Research Experience
Low-Pass Filtering SGD for Recovering Flat Optima in the Deep Learning Optimization Landscape
We study the sharpness of a DL loss landscape around local minima in order to reveal systematic mechanisms underlying the generalization abilities of DL models. Our analysis is performed across varying network and optimizer hyper-parameters, and involves a rich family of different sharpness measures. We derive an optimization algorithm, relying on the low-pass filter (LPF), that actively searches the flat regions in the DL optimization landscape using SGD-like procedure. We empirically show that our algorithm achieves superior generalization performance compared to the common DL training strategies.

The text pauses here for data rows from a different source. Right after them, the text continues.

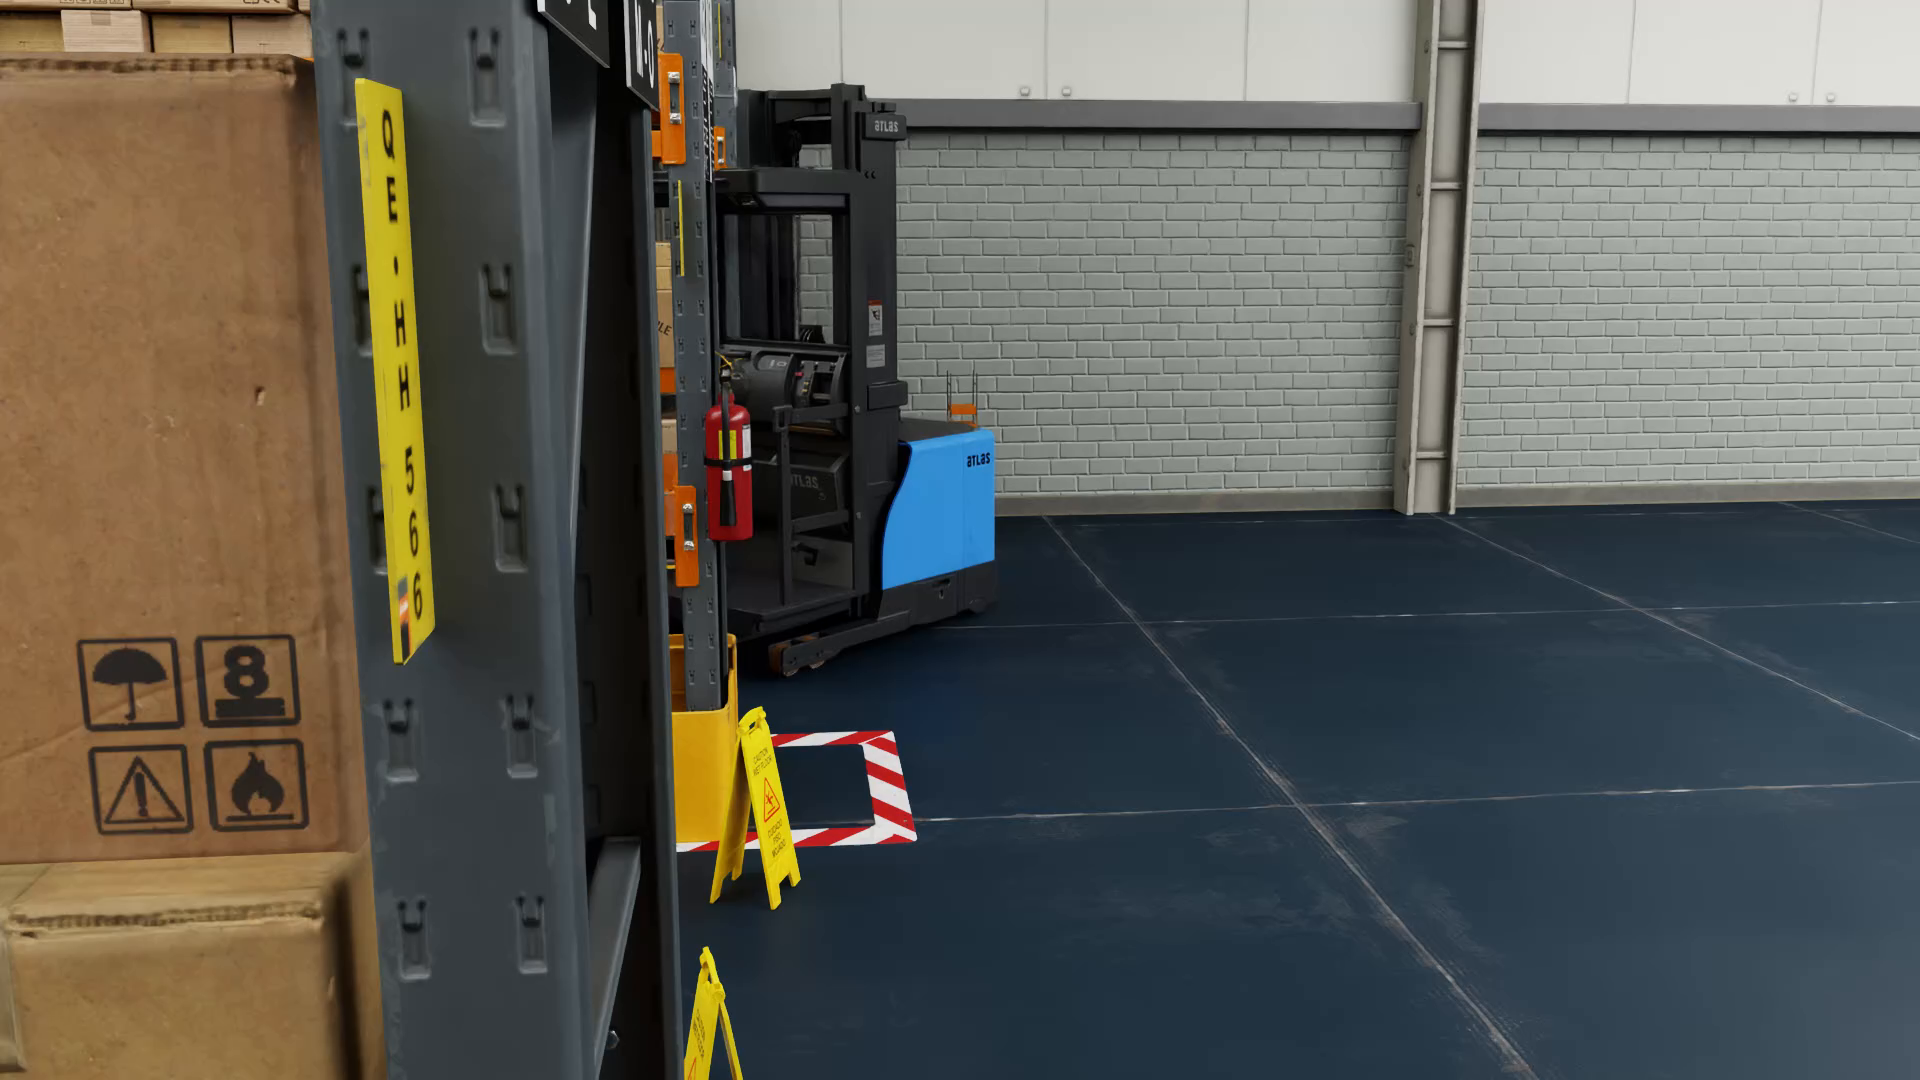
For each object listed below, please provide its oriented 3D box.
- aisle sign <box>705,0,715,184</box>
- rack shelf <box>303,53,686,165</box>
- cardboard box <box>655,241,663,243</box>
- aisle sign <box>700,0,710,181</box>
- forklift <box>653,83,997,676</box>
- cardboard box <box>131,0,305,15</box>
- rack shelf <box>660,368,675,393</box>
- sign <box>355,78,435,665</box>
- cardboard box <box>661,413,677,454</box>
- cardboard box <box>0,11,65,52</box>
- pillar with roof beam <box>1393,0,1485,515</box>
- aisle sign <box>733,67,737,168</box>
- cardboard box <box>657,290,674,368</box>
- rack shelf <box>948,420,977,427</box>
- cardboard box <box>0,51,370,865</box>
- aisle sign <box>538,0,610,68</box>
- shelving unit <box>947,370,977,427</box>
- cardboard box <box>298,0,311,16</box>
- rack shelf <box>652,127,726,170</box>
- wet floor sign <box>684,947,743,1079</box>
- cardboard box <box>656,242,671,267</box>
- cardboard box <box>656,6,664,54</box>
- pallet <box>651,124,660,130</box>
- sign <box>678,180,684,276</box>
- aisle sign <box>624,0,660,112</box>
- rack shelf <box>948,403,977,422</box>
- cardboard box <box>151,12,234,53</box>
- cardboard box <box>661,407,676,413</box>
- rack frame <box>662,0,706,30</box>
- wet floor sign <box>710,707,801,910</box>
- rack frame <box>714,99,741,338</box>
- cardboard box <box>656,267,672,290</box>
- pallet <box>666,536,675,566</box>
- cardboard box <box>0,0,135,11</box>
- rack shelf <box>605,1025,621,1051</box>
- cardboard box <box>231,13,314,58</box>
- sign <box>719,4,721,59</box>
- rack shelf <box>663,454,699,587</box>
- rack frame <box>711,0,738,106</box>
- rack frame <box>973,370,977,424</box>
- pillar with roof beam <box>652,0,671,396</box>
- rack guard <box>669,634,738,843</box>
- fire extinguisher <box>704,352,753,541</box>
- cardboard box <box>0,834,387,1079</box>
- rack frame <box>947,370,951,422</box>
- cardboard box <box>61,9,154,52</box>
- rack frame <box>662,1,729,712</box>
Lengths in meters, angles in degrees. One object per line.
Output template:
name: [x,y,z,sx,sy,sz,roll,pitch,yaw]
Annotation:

A Theoretical-Empirical Approach to Estimating Sample Complexity of DNNs
We focus on understanding how the generalization error scales with the amount of the training data for deep neural networks (DNNs). Existing techniques in statistical learning theory require a computation of capacity measures, such as VC dimension, to provably bound this error. We derive estimates of the generalization error that hold for deep networks and do not rely on unattainable capacity measures.

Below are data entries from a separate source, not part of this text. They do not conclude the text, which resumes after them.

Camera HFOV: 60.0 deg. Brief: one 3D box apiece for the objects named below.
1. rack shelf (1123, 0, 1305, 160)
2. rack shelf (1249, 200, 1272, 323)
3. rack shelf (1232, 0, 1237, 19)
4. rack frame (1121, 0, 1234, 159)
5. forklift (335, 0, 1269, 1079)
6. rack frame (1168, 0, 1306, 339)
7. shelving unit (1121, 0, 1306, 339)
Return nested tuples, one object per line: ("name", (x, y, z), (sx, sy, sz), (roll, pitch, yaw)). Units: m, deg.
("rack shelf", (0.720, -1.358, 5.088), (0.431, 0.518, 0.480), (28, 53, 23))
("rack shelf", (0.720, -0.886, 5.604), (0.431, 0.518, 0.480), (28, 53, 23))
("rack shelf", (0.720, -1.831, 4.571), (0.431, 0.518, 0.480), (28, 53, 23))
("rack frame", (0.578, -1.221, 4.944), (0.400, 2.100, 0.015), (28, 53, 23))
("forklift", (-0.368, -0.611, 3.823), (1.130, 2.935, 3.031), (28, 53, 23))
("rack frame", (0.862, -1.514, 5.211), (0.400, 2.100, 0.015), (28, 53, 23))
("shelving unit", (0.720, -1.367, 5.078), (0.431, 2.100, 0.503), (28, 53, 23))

Towards Automated Melanoma Detection with Deep Learning
Melanoma is one of ten most common cancers in the US. Early detection is crucial for survival, but often the cancer is diagnosed in the fatal stage. Deep learning has the potential to improve cancer detection rates, but its applicability to melanoma detection is compromised by the limitations of the available skin lesion databases. We build deep-learning-based tools for data purification and augmentation to counter-act these limitations.

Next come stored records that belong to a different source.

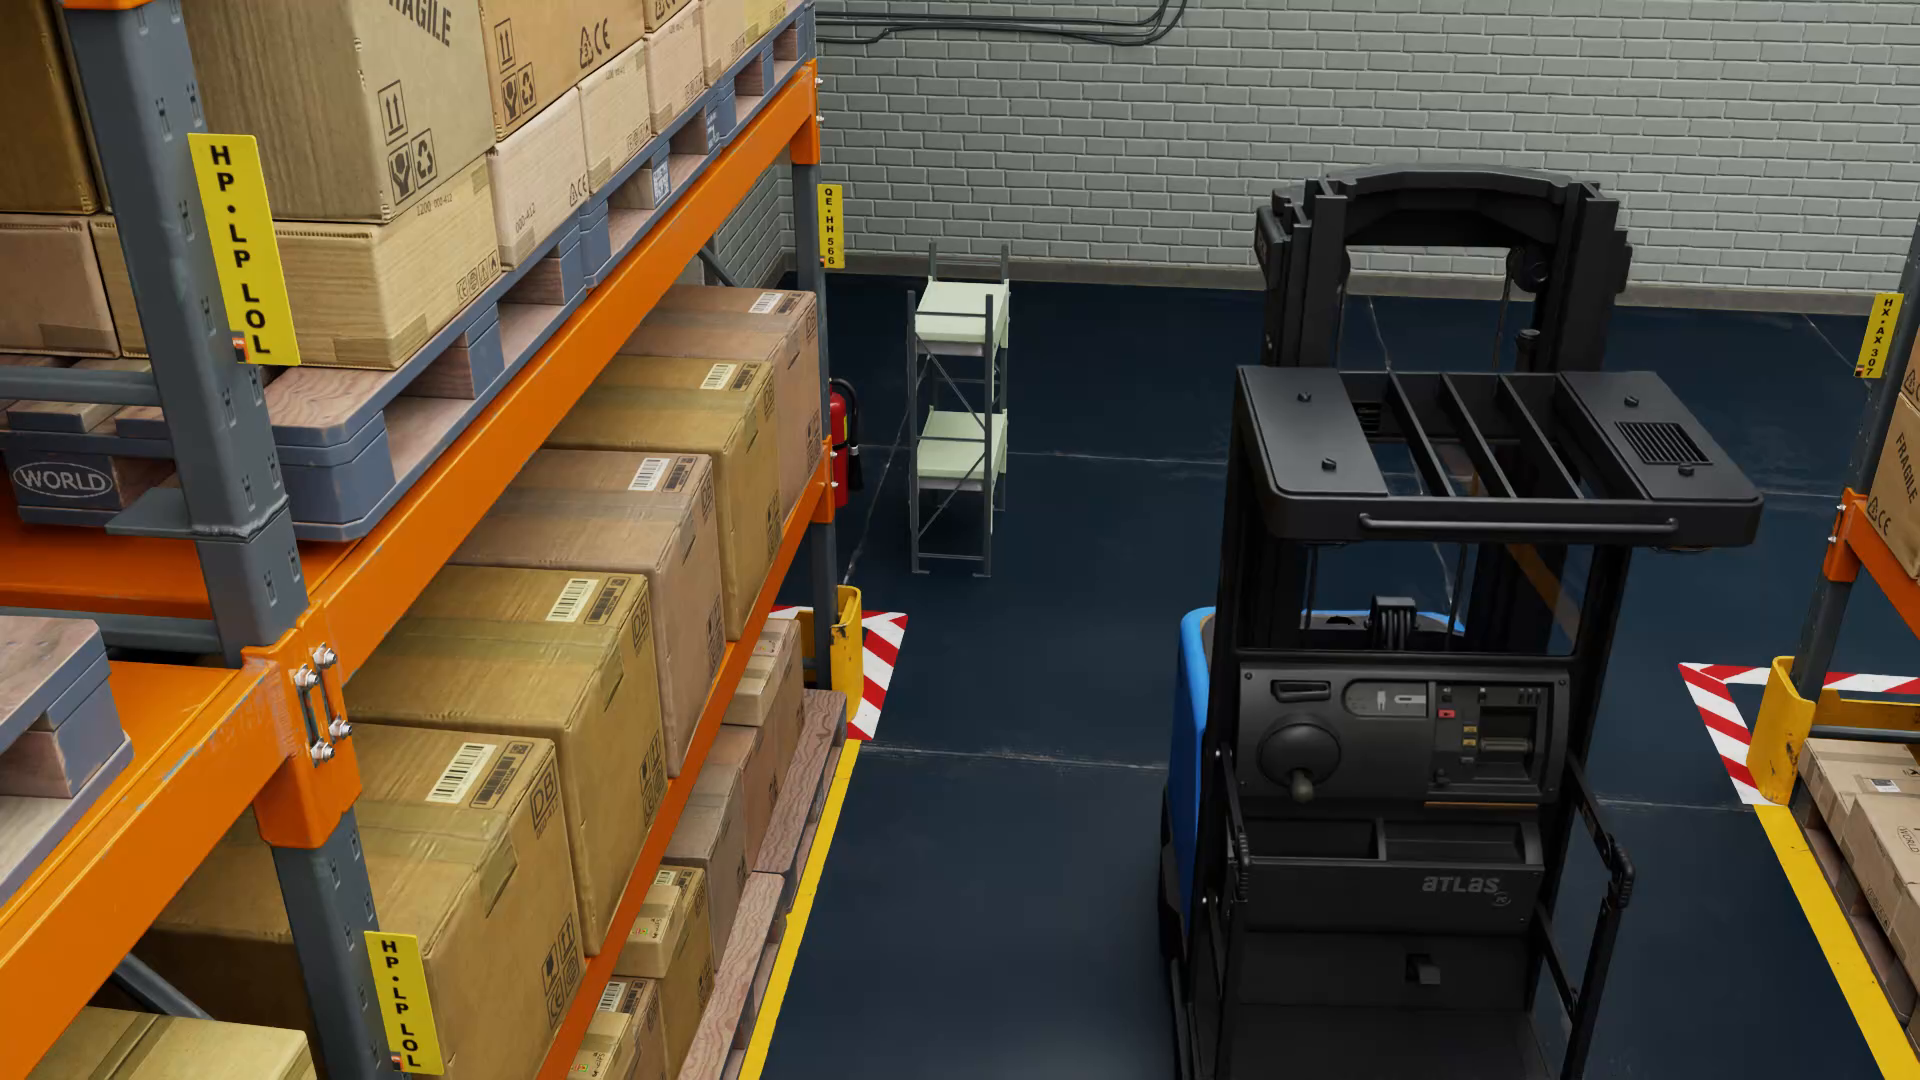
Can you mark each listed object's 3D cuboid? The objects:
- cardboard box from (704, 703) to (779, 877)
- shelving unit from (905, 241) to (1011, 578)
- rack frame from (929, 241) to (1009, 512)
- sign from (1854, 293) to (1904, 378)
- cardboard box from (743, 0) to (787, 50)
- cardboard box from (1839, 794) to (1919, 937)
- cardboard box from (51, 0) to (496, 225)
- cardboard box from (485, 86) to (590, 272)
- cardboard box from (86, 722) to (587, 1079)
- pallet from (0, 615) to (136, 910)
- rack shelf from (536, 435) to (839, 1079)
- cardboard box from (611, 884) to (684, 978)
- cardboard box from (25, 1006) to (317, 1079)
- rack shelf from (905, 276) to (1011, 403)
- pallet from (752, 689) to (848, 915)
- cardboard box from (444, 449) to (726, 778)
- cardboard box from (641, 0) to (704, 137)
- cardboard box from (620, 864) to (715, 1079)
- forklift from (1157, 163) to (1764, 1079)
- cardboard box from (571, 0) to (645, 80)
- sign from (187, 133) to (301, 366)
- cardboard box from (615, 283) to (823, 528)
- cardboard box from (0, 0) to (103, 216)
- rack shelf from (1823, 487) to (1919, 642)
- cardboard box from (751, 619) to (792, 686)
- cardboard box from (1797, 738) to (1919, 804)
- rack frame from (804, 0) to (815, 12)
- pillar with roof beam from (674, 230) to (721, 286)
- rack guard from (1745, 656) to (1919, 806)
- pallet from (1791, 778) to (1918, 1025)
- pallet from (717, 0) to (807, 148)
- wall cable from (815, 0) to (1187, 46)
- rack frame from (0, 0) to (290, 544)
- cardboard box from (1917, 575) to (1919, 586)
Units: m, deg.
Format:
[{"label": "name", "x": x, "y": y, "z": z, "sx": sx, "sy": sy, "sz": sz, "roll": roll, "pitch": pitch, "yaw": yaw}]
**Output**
[{"label": "cardboard box", "x": -1.079, "y": 0.870, "z": 6.165, "sx": 0.700, "sy": 0.500, "sz": 0.500, "roll": 3, "pitch": 28, "yaw": 6}, {"label": "shelving unit", "x": -0.001, "y": -0.657, "z": 8.388, "sx": 0.431, "sy": 1.500, "sz": 0.755, "roll": 3, "pitch": 28, "yaw": 6}, {"label": "rack frame", "x": 0.044, "y": -0.829, "z": 8.708, "sx": 0.400, "sy": 1.500, "sz": 0.023, "roll": 3, "pitch": 28, "yaw": 6}, {"label": "sign", "x": 3.347, "y": -0.742, "z": 6.053, "sx": 0.100, "sy": 0.325, "sz": 0.005, "roll": 3, "pitch": 28, "yaw": 6}, {"label": "cardboard box", "x": -0.857, "y": -1.739, "z": 5.263, "sx": 0.500, "sy": 0.250, "sz": 0.500, "roll": 4, "pitch": 29, "yaw": 8}, {"label": "cardboard box", "x": 3.477, "y": 1.162, "z": 5.866, "sx": 0.500, "sy": 0.250, "sz": 0.500, "roll": 3, "pitch": 28, "yaw": 6}, {"label": "cardboard box", "x": -1.155, "y": -0.866, "z": 2.852, "sx": 0.500, "sy": 0.500, "sz": 0.500, "roll": 3, "pitch": 28, "yaw": 6}, {"label": "cardboard box", "x": -1.098, "y": -0.766, "z": 3.456, "sx": 0.500, "sy": 0.250, "sz": 0.500, "roll": 3, "pitch": 28, "yaw": 5}, {"label": "cardboard box", "x": -1.438, "y": 0.880, "z": 3.637, "sx": 0.980, "sy": 0.700, "sz": 0.700, "roll": 4, "pitch": 29, "yaw": 7}, {"label": "pallet", "x": -1.584, "y": 0.465, "z": 1.763, "sx": 0.805, "sy": 0.209, "sz": 1.217, "roll": 2, "pitch": 28, "yaw": 4}, {"label": "rack shelf", "x": -1.276, "y": 0.642, "z": 5.154, "sx": 1.077, "sy": 0.370, "sz": 4.000, "roll": 3, "pitch": 28, "yaw": 6}, {"label": "cardboard box", "x": -1.041, "y": 1.154, "z": 4.953, "sx": 0.380, "sy": 0.149, "sz": 0.250, "roll": 3, "pitch": 28, "yaw": 5}, {"label": "cardboard box", "x": -1.324, "y": 0.988, "z": 2.523, "sx": 0.500, "sy": 0.250, "sz": 0.500, "roll": 4, "pitch": 29, "yaw": 7}, {"label": "rack shelf", "x": -0.001, "y": -1.001, "z": 8.203, "sx": 0.431, "sy": 0.370, "sz": 0.720, "roll": 3, "pitch": 28, "yaw": 6}, {"label": "pallet", "x": -1.051, "y": 0.993, "z": 6.685, "sx": 1.003, "sy": 0.211, "sz": 1.213, "roll": 3, "pitch": 28, "yaw": 6}, {"label": "cardboard box", "x": -1.264, "y": 0.194, "z": 4.911, "sx": 0.980, "sy": 0.700, "sz": 0.700, "roll": 2, "pitch": 28, "yaw": 4}, {"label": "cardboard box", "x": -0.979, "y": -1.249, "z": 4.353, "sx": 0.500, "sy": 0.250, "sz": 0.500, "roll": 3, "pitch": 28, "yaw": 5}, {"label": "cardboard box", "x": -1.198, "y": 1.359, "z": 5.258, "sx": 0.700, "sy": 0.500, "sz": 0.500, "roll": 4, "pitch": 29, "yaw": 7}, {"label": "forklift", "x": 1.253, "y": 0.599, "z": 4.549, "sx": 1.130, "sy": 2.935, "sz": 3.031, "roll": 1, "pitch": 28, "yaw": 2}, {"label": "cardboard box", "x": -1.043, "y": -1.341, "z": 3.733, "sx": 0.500, "sy": 0.500, "sz": 0.500, "roll": 4, "pitch": 29, "yaw": 7}, {"label": "sign", "x": -0.981, "y": -0.393, "z": 2.277, "sx": 0.100, "sy": 0.325, "sz": 0.005, "roll": 3, "pitch": 28, "yaw": 6}, {"label": "cardboard box", "x": -1.083, "y": -0.507, "z": 6.213, "sx": 0.980, "sy": 0.700, "sz": 0.700, "roll": 5, "pitch": 29, "yaw": 9}, {"label": "cardboard box", "x": -1.667, "y": -0.889, "z": 2.894, "sx": 0.500, "sy": 0.500, "sz": 0.500, "roll": 3, "pitch": 28, "yaw": 6}, {"label": "rack shelf", "x": 3.641, "y": 0.928, "z": 4.623, "sx": 1.077, "sy": 0.370, "sz": 4.000, "roll": 3, "pitch": 28, "yaw": 6}, {"label": "cardboard box", "x": -0.852, "y": 0.420, "z": 6.316, "sx": 0.380, "sy": 0.149, "sz": 0.250, "roll": 3, "pitch": 28, "yaw": 6}, {"label": "cardboard box", "x": 3.494, "y": 0.909, "z": 6.443, "sx": 0.380, "sy": 0.149, "sz": 0.250, "roll": 3, "pitch": 28, "yaw": 6}, {"label": "rack frame", "x": -1.031, "y": -3.257, "z": 5.308, "sx": 1.000, "sy": 3.000, "sz": 0.127, "roll": 3, "pitch": 28, "yaw": 6}, {"label": "pillar with roof beam", "x": 2.714, "y": -4.328, "z": 7.296, "sx": 9.100, "sy": 9.000, "sz": 0.400, "roll": 3, "pitch": 28, "yaw": 6}, {"label": "rack guard", "x": 3.877, "y": 0.806, "z": 6.726, "sx": 1.175, "sy": 0.500, "sz": 0.348, "roll": 3, "pitch": 28, "yaw": 6}, {"label": "pallet", "x": 3.780, "y": 1.309, "z": 6.098, "sx": 1.003, "sy": 0.211, "sz": 1.213, "roll": 3, "pitch": 28, "yaw": 6}, {"label": "pallet", "x": -1.111, "y": -1.548, "z": 5.391, "sx": 1.003, "sy": 0.211, "sz": 1.213, "roll": 3, "pitch": 28, "yaw": 6}, {"label": "wall cable", "x": 0.017, "y": -4.532, "z": 10.948, "sx": 3.097, "sy": 2.526, "sz": 0.112, "roll": 3, "pitch": 28, "yaw": 6}, {"label": "rack frame", "x": -1.521, "y": -1.374, "z": 1.813, "sx": 1.000, "sy": 3.000, "sz": 0.127, "roll": 3, "pitch": 28, "yaw": 6}, {"label": "cardboard box", "x": 3.512, "y": 0.063, "z": 5.365, "sx": 0.500, "sy": 0.500, "sz": 0.500, "roll": 3, "pitch": 28, "yaw": 6}]

VisualBackProp for Learning using Privileged Information with CNNs
We explore the learning using privileged information paradigm and show how to incorporate the privileged information, such as segmentation masks available along with classification labels, into the training stage of convolutional neural networks. We achieve improvements of 2.4% and 2.7% over standard single-supervision model training on ImageNet and PASCAL VOC datasets.
High Frequency Ultrasound Image Segmentation and Analysis
Trained an Active Shape Model to segment brain ventricles of a mouse embryo from its high frequency 3D Ultrasound image. The shape of the brain ventricle was described using a shape context descriptor while principal component analysis was used to generate the model.